Excerpts from a dataset:
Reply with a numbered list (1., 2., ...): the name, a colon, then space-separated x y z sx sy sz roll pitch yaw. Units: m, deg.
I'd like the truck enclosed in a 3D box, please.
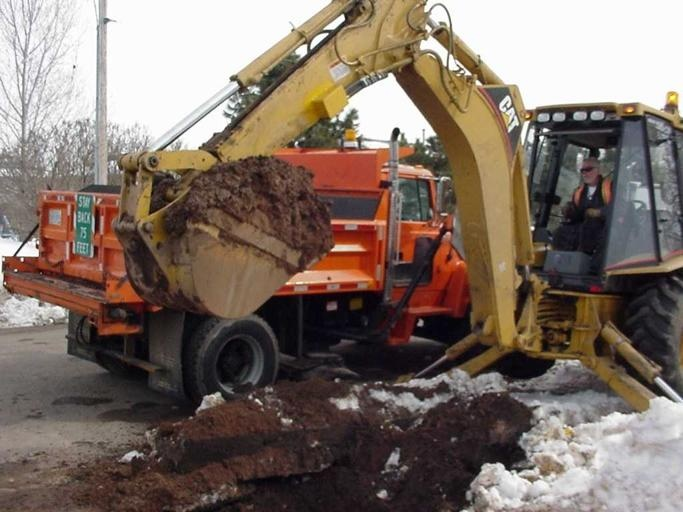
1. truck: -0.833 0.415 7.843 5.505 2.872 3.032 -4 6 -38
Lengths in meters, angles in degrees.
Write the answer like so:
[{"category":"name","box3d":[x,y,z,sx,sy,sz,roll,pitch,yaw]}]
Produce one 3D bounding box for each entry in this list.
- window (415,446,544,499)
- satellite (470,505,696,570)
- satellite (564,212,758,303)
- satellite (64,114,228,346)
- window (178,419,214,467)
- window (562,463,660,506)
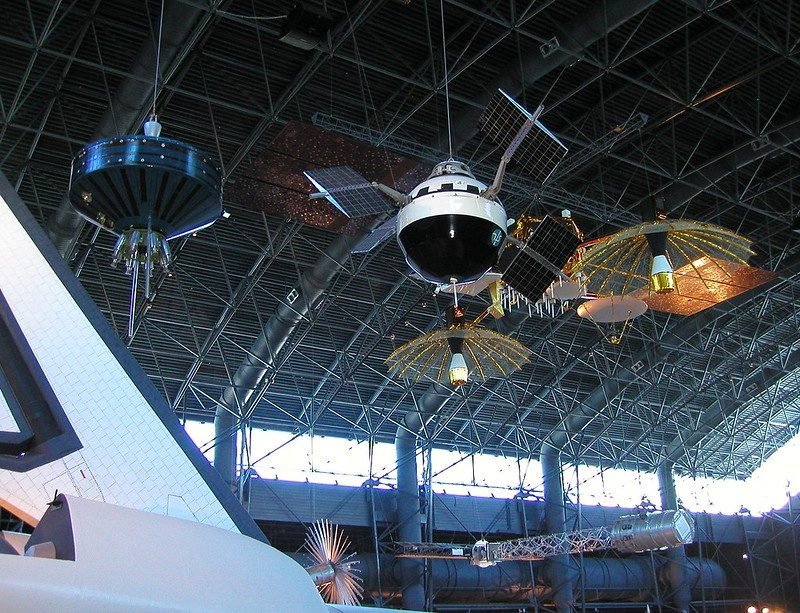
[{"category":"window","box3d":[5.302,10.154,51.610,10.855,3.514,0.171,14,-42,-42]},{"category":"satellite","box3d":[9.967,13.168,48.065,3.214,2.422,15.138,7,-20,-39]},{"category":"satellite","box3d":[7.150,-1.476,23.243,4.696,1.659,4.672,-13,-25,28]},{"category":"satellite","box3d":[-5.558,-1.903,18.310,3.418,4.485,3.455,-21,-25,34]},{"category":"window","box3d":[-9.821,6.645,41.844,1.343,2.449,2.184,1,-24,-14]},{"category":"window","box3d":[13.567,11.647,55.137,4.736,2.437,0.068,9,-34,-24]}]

_Task to carry out_
In the records above, find every line that contains the word "roll" and copy it.

_Task answer_
Reply with a numbered list (1., 2., ...): the name, a colon, then space-separated x y z sx sy sz roll pitch yaw. Units: m, deg.
[{"category":"name","box3d":[x,y,z,sx,sy,sz,roll,pitch,yaw]}]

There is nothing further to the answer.